Department of Physics, State Key Laboratory of Optoelectronic Materials and Technologies, Sun Yat-sen University, Guangzhou 510275, China.
Guangdong Institute for Drug Control, Guangzhou 510663, China.
Spectrochim Acta A Mol Biomol Spectrosc. 2022 Apr 15;271:120936. doi: 10.1016/j.saa.2022.120936. Epub 2022 Jan 29.

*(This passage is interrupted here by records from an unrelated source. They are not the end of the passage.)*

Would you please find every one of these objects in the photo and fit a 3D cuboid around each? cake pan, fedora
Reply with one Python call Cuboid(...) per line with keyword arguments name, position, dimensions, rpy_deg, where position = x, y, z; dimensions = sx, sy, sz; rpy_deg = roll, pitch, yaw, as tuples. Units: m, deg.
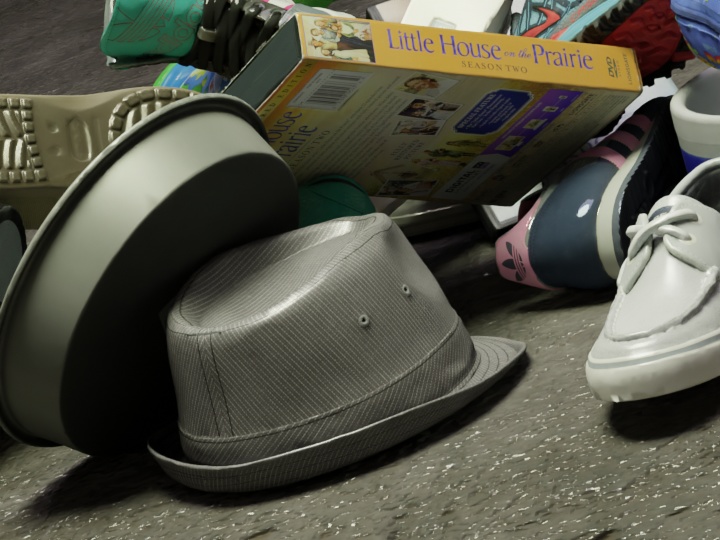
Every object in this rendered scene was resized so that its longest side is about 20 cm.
Cuboid(name="cake pan", position=(-0.100, 0.009, 1.438), dimensions=(0.037, 0.201, 0.200), rpy_deg=(34, 41, 25))
Cuboid(name="fedora", position=(-0.022, 0.029, 1.410), dimensions=(0.176, 0.091, 0.200), rpy_deg=(-3, 19, 45))

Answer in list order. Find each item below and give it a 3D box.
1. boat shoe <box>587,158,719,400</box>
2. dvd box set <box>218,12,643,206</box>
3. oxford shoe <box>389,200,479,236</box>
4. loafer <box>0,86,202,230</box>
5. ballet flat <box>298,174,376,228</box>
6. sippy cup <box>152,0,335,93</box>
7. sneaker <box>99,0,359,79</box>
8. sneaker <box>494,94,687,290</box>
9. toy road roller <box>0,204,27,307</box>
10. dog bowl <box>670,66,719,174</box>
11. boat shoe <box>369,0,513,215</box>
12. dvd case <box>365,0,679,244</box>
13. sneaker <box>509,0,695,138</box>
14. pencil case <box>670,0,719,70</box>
Cuboid(name="boat shoe", position=(0.148, 0.000, 1.335), dimensions=(0.072, 0.069, 0.200), rpy_deg=(-9, 15, 31))
Cuboid(name="dvd box set", position=(0.025, -0.080, 1.525), dimensions=(0.199, 0.030, 0.146), rpy_deg=(3, -25, -27))
Cuboid(name="oxford shoe", position=(0.098, -0.070, 1.735), dimensions=(0.199, 0.058, 0.075), rpy_deg=(-14, 10, 4))
Cuboid(name="loafer", position=(-0.141, -0.056, 1.581), dimensions=(0.199, 0.076, 0.068), rpy_deg=(6, -23, -23))
Cuboid(name="ballet flat", position=(-0.074, 0.015, 1.572), dimensions=(0.199, 0.067, 0.071), rpy_deg=(-28, 36, 34))
Cuboid(name="sippy cup", position=(-0.050, -0.086, 1.757), dimensions=(0.139, 0.179, 0.130), rpy_deg=(-12, -4, -24))
Cuboid(name="sneaker", position=(-0.079, -0.133, 1.611), dimensions=(0.120, 0.084, 0.200), rpy_deg=(3, 22, -37))
Cuboid(name="sneaker", position=(0.128, -0.044, 1.565), dimensions=(0.082, 0.071, 0.200), rpy_deg=(-8, 14, 22))
Cuboid(name="toy road roller", position=(-0.233, 0.051, 1.562), dimensions=(0.122, 0.147, 0.200), rpy_deg=(4, -17, 15))
Cuboid(name="dog bowl", position=(0.264, -0.075, 1.504), dimensions=(0.199, 0.079, 0.200), rpy_deg=(-17, 13, 4))
Cuboid(name="boat shoe", position=(0.029, -0.095, 1.668), dimensions=(0.072, 0.069, 0.201), rpy_deg=(19, 69, 18))
Cuboid(name="dvd case", position=(0.104, -0.109, 1.722), dimensions=(0.142, 0.018, 0.201), rpy_deg=(-19, 51, -11))
Cuboid(name="sneaker", position=(0.120, -0.139, 1.595), dimensions=(0.079, 0.096, 0.200), rpy_deg=(-4, -16, -20))
Cuboid(name="pencil case", position=(0.203, -0.121, 1.419), dimensions=(0.086, 0.079, 0.200), rpy_deg=(5, 12, -5))
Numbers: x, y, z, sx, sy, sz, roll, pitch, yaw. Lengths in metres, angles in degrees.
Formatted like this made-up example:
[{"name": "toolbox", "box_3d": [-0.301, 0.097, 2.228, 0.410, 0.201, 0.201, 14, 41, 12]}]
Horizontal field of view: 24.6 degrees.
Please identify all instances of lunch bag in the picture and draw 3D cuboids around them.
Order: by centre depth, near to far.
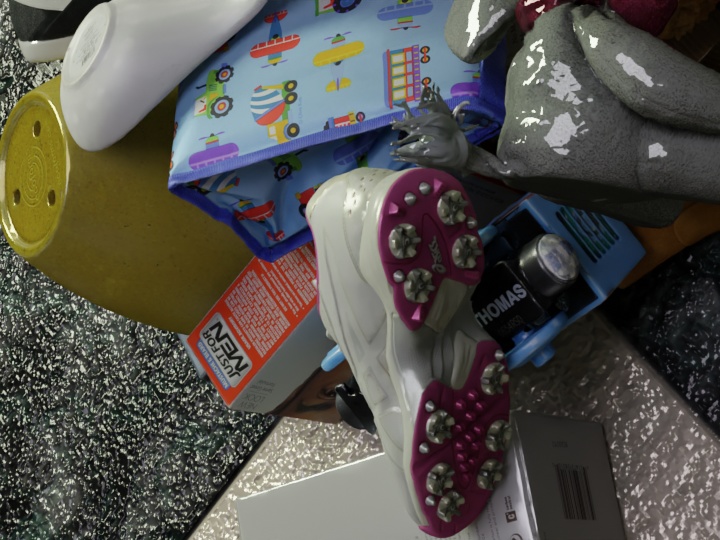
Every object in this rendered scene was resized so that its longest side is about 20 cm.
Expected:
[{"name": "lunch bag", "box_3d": [0.000, -0.118, 0.909, 0.199, 0.094, 0.152, -22, 50, 30]}]

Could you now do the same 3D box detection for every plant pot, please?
[{"name": "plant pot", "box_3d": [-0.147, -0.058, 1.048, 0.199, 0.141, 0.202, -5, 84, 53]}]

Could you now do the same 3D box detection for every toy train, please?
[{"name": "toy train", "box_3d": [0.063, 0.026, 0.922, 0.087, 0.114, 0.200, 51, 134, 2]}]

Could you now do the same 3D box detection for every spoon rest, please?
[{"name": "spoon rest", "box_3d": [-0.104, -0.140, 0.915, 0.200, 0.060, 0.100, -40, 38, 37]}]

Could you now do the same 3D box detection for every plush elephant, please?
[{"name": "plush elephant", "box_3d": [0.112, -0.112, 0.767, 0.165, 0.198, 0.156, 173, 105, -72]}]

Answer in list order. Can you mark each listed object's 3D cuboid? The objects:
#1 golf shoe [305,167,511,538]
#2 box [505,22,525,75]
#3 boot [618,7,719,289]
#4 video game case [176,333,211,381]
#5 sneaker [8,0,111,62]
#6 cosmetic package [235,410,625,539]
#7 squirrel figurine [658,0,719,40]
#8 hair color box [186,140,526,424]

The feasibility of identifying geographical origin and storage age of tangerine peel was explored by using a handheld near-infrared (NIR) spectrometer combined with machine learning. A handheld NIR spectrometer (900-1700 nm) was used to scan the outer surface of tangerine peel and collect the corresponding NIR diffuse reflectance spectra. Principal component analysis (PCA) combined with Mahalanobis distance were used to detect outliers. The accuracies of all models in the anomaly set were much lower than that in calibration set and test set, indicating that the outliers were effectively identified. After removing the outliers, in order to initially explore the clustering characteristics of tangerine peels, PCA was performed on tangerine peels from different origins and the same origin with different storage ages. The results showed that the tangerine peels from the same origin or the same storage age had the potential to cluster, indicating that the spectral data of the same origin or the same storage age had a certain similarity, which laid the foundation for subsequent modeling and identification. However, there were quite a few samples with different origins or different storage ages overlapped and could not be distinguished from each other. In order to achieve qualitative identification of origin and storage age, Savitzky-Golay convolution smoothing with first derivative (SGFD) and standard normal variate (SNV) were used to preprocess the raw spectra. Random forest (RF), K-nearest neighbor (KNN) and linear discriminant analysis (LDA) were used to establish the discriminant model. The results showed that SGFD-LDA could accurately distinguish the origin and storage age of tangerine peel at the same time. The origin identification accuracy was 96.99%. The storage age identification accuracy was 100% for Guangdong tangerine peel and 97.15% for Sichuan tangerine peel. This indicated that the near-infrared spectroscopy (NIRS) combine with machine learning can simultaneously and rapidly identify the origin and storage age of tangerine peel on site.
利用手持式近红外(NIR)光谱仪结合机器学习,探索了识别蜜橘皮产地和贮藏年龄的可行性。使用手持式 NIR 光谱仪(900-1700nm)扫描蜜橘皮的外表面并采集相应的 NIR 漫反射光谱。主成分分析(PCA)结合马氏距离用于检测异常值。异常值集中所有模型的准确率均明显低于校正集和测试集,表明异常值得到了有效识别。去除异常值后,为了初步探索蜜橘皮的聚类特征,对来自不同产地和同一产地不同贮藏年龄的蜜橘皮进行 PCA 分析。结果表明,来自同一产地或同一贮藏年龄的蜜橘皮具有聚类的潜力,表明同一产地或同一贮藏年龄的光谱数据具有一定的相似性,为后续建模和识别奠定了基础。然而,仍有相当多的来自不同产地或不同贮藏年龄的样本重叠,无法相互区分。为了实现对产地和贮藏年龄的定性识别,对原始光谱进行了 Savitzky-Golay 卷积平滑一阶导数(SGFD)和标准正态变量(SNV)预处理。随机森林(RF)、K-最近邻(KNN)和线性判别分析(LDA)用于建立判别模型。结果表明,SGFD-LDA 可以同时准确区分蜜橘皮的产地和贮藏年龄。产地识别准确率为 96.99%。广东蜜橘皮的贮藏年龄识别准确率为 100%,四川蜜橘皮的贮藏年龄识别准确率为 97.15%。这表明近红外光谱(NIRS)结合机器学习可以实现现场快速同步识别蜜橘皮的产地和贮藏年龄。